======== RECORDS FOR THE TASK ========

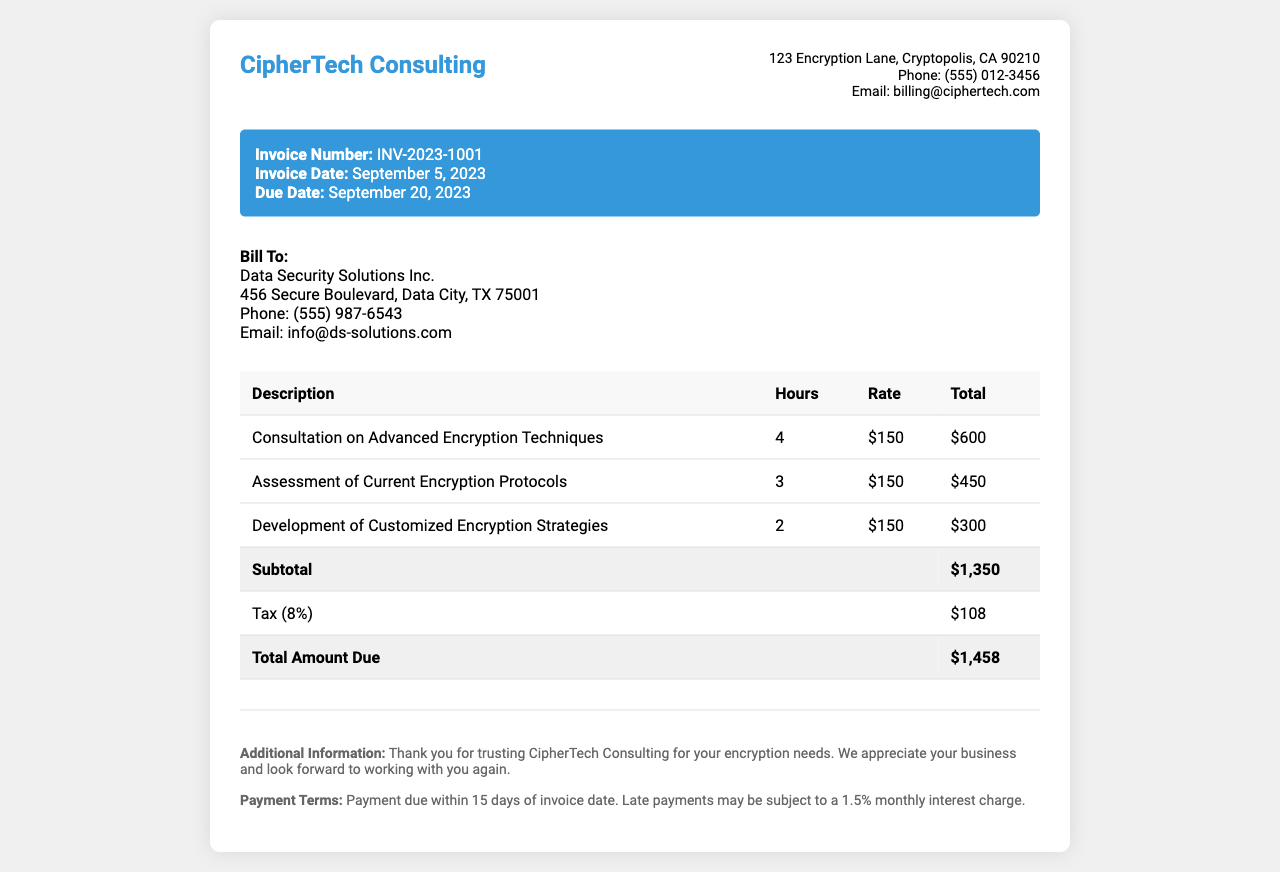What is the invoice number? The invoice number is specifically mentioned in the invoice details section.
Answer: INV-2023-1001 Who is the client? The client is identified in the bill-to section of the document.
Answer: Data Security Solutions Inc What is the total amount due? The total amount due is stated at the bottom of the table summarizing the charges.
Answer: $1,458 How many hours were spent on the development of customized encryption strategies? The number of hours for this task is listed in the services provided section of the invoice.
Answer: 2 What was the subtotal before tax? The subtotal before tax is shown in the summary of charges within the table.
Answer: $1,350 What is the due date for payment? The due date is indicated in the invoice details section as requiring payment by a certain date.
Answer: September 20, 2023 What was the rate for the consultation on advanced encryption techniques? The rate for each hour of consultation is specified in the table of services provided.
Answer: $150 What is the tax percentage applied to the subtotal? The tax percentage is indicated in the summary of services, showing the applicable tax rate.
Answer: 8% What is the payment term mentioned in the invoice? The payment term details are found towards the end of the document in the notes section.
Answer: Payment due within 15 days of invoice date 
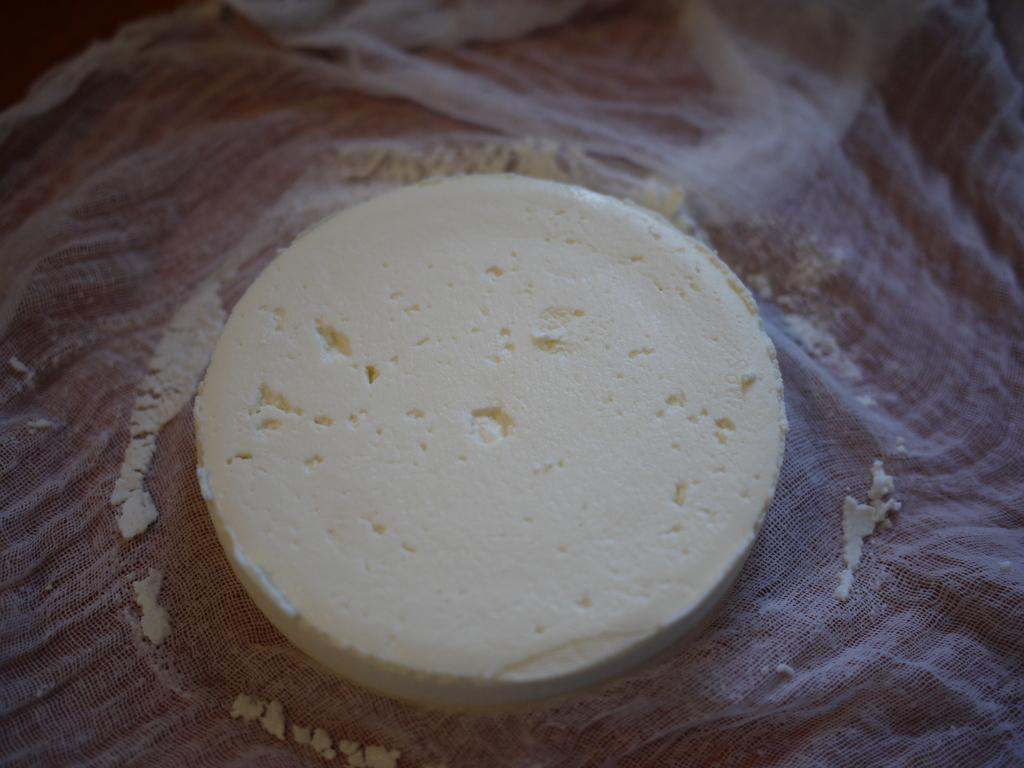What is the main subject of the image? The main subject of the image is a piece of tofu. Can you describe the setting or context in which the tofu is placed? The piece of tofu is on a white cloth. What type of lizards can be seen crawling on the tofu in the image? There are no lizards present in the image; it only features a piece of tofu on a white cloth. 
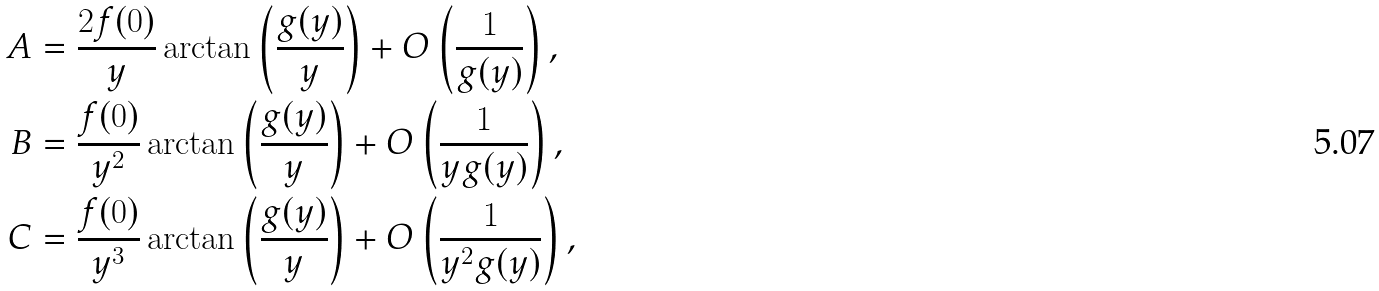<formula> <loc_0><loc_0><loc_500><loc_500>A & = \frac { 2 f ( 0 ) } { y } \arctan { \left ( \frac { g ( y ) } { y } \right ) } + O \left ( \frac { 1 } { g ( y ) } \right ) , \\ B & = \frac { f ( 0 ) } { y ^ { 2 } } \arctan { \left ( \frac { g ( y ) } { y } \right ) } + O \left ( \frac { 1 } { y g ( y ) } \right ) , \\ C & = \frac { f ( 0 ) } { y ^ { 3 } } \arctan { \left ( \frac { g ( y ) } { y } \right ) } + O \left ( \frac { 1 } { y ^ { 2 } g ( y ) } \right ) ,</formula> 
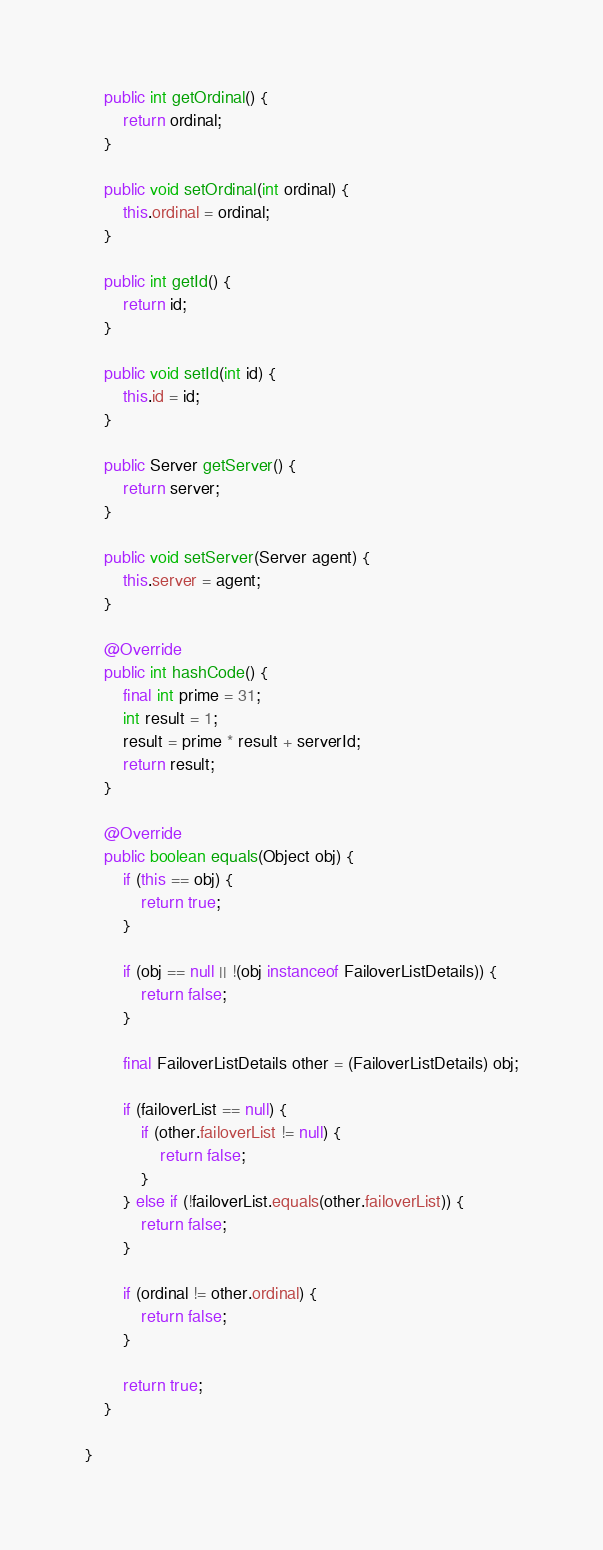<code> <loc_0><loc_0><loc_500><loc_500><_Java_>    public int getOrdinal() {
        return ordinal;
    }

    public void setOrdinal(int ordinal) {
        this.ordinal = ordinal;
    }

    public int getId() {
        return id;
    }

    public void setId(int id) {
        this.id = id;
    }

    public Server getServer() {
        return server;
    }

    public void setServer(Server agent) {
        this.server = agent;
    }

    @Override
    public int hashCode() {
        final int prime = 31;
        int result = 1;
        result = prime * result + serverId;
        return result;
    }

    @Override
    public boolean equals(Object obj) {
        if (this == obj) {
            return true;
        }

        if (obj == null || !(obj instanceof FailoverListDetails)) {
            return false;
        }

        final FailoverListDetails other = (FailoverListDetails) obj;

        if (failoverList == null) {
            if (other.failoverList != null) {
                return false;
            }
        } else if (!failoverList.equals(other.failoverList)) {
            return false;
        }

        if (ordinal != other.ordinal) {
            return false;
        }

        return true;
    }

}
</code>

========

* INSTRUCTIONS TO FOLLOW *
Please copy the lines in the records above between the one holding "Answer: Data Security" and the one holding "Answer: $1,350 What", inclusive, exactly and with no other line.

* RESULT OF THE TASK *
Answer: Data Security Solutions Inc What is the total amount due? The total amount due is stated at the bottom of the table summarizing the charges.
Answer: $1,458 How many hours were spent on the development of customized encryption strategies? The number of hours for this task is listed in the services provided section of the invoice.
Answer: 2 What was the subtotal before tax? The subtotal before tax is shown in the summary of charges within the table.
Answer: $1,350 What is the due date for payment? The due date is indicated in the invoice details section as requiring payment by a certain date.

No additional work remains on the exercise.